(WHAT THE EXERCISE ASKS):
Taking the listing below, restate word for word each line from the line with "Numbers: x, y, z, sx, sy, sz, roll, pitch, yaw." to the line with "1. cutting board: 0.377", ends included, and stop there.

(EXERCISE DATA):
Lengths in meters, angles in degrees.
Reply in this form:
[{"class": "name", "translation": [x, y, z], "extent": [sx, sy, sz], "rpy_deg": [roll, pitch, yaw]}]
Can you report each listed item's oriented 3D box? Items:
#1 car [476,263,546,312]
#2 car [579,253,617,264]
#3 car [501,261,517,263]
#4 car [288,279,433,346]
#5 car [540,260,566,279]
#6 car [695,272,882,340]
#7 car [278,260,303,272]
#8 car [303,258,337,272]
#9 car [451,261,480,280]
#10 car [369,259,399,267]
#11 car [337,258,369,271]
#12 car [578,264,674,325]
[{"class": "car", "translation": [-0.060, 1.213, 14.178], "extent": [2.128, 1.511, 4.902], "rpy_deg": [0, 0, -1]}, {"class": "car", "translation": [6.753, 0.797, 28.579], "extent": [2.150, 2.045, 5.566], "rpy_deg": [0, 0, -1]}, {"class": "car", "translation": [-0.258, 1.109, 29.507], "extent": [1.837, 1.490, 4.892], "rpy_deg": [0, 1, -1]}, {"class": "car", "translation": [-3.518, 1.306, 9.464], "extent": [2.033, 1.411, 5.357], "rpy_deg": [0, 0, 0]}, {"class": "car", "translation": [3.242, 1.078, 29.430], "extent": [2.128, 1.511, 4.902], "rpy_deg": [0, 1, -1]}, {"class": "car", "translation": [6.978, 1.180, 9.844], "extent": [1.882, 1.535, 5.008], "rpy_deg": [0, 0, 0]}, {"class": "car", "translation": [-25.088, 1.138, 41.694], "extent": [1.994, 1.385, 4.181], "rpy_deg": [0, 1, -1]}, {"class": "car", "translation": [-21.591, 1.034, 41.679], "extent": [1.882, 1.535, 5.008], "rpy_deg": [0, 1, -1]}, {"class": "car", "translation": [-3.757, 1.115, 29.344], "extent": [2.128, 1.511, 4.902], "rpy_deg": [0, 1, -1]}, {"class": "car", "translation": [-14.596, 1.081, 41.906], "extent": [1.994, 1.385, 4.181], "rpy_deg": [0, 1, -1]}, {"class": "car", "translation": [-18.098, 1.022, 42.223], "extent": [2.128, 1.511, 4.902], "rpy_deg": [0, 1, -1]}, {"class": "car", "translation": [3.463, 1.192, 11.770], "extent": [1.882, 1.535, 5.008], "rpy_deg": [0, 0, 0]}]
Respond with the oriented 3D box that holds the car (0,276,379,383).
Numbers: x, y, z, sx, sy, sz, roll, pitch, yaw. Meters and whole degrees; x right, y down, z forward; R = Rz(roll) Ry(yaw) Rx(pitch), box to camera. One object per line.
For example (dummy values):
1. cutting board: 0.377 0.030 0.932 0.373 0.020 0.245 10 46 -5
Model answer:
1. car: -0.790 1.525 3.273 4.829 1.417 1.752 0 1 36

(TASK ANSWER):
Numbers: x, y, z, sx, sy, sz, roll, pitch, yaw. Meters and whole degrees; x right, y down, z forward; R = Rz(roll) Ry(yaw) Rx(pitch), box to camera. One object per line.
For example (dummy values):
1. cutting board: 0.377 0.030 0.932 0.373 0.020 0.245 10 46 -5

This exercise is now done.